Task instructions:
Select every line below containing the word "from".
BEGIN Listed entries
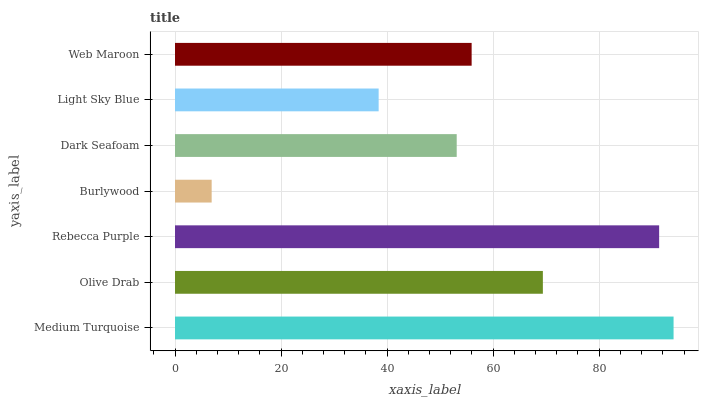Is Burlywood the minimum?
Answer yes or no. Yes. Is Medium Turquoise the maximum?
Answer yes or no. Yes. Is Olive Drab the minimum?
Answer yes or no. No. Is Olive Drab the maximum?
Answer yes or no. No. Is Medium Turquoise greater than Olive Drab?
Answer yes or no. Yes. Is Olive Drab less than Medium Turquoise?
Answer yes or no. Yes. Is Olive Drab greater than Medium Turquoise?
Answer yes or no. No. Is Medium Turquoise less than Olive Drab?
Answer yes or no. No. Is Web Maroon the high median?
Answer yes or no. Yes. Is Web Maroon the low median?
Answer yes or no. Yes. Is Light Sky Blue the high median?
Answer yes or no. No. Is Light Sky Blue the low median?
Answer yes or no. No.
END Listed entries
BEGIN Listed entries
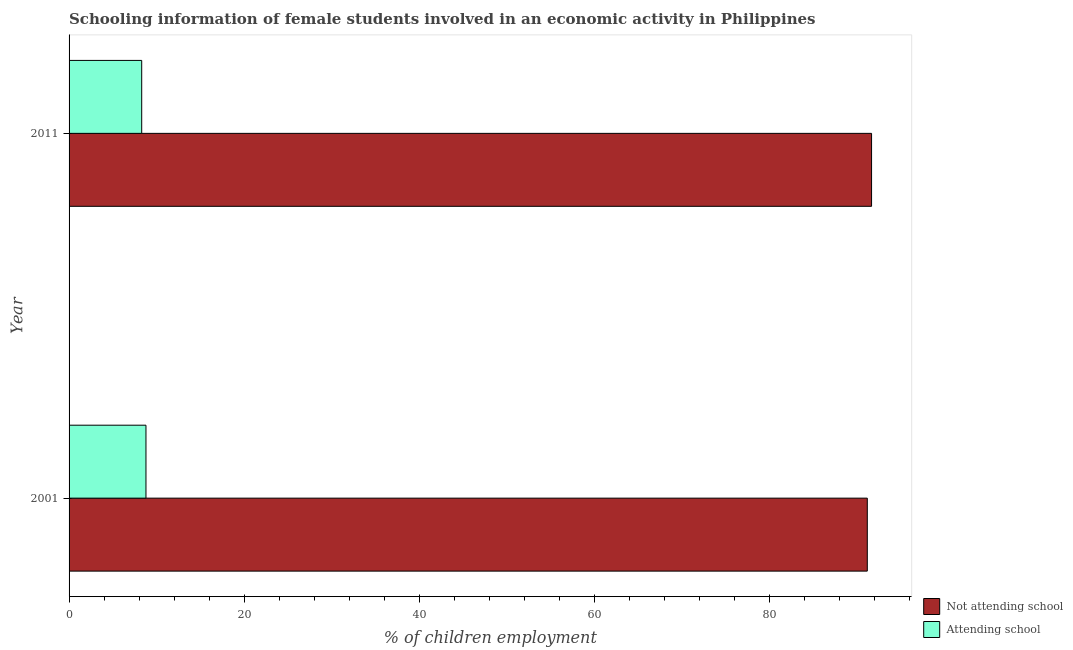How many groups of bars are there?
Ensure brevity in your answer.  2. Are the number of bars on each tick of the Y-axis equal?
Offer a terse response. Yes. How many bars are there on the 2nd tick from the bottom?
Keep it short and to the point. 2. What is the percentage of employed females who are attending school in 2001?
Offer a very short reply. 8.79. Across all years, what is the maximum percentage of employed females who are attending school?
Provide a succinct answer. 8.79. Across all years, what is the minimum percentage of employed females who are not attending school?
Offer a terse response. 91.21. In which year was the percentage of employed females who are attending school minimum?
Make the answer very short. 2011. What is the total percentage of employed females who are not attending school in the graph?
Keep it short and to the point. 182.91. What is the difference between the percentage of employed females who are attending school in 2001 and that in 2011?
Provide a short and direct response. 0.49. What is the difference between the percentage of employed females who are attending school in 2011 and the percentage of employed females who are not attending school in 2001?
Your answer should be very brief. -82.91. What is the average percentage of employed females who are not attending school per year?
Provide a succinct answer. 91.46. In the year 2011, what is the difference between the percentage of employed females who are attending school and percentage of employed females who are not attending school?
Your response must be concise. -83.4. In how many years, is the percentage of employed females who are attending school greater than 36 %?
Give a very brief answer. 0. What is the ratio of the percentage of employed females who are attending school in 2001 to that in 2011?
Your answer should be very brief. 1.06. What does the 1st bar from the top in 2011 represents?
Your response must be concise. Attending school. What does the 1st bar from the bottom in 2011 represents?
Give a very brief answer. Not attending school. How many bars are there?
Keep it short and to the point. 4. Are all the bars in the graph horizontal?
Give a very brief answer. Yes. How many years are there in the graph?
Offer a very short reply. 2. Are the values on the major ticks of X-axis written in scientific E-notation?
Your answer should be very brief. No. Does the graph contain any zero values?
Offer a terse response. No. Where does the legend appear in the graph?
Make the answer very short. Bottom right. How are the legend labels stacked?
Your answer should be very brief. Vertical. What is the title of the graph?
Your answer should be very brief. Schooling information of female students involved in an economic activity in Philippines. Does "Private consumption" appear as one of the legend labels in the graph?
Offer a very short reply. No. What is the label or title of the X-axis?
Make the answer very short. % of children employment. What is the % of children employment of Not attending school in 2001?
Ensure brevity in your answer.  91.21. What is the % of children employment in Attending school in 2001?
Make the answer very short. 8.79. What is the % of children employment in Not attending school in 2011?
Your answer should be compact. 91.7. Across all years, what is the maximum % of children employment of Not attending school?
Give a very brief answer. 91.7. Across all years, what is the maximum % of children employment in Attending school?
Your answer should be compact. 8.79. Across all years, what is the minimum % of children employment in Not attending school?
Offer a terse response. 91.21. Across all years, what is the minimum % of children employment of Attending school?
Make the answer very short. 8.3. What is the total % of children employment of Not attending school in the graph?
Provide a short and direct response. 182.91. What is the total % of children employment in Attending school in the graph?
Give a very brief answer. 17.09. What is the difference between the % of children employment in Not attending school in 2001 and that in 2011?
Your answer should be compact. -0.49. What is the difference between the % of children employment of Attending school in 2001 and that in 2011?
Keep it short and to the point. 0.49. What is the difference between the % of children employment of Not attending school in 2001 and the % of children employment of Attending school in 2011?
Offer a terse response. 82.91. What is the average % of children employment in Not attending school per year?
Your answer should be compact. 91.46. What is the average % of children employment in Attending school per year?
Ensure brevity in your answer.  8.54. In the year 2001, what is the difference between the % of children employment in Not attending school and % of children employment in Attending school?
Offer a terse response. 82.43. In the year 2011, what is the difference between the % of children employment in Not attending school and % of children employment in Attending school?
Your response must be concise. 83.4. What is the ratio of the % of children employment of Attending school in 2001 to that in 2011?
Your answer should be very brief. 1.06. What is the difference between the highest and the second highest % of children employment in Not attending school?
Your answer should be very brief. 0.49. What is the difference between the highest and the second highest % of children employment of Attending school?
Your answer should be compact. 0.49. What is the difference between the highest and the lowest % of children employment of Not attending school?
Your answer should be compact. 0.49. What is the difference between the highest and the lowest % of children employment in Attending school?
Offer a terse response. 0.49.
END Listed entries
Answer section:
Offer a terse response. Yes. How many bars are there on the 2nd tick from the bottom?
Your answer should be very brief. 1.06. What does the 1st bar from the top in 2011 represents?
Your response must be concise. Attending school. What does the 1st bar from the bottom in 2011 represents?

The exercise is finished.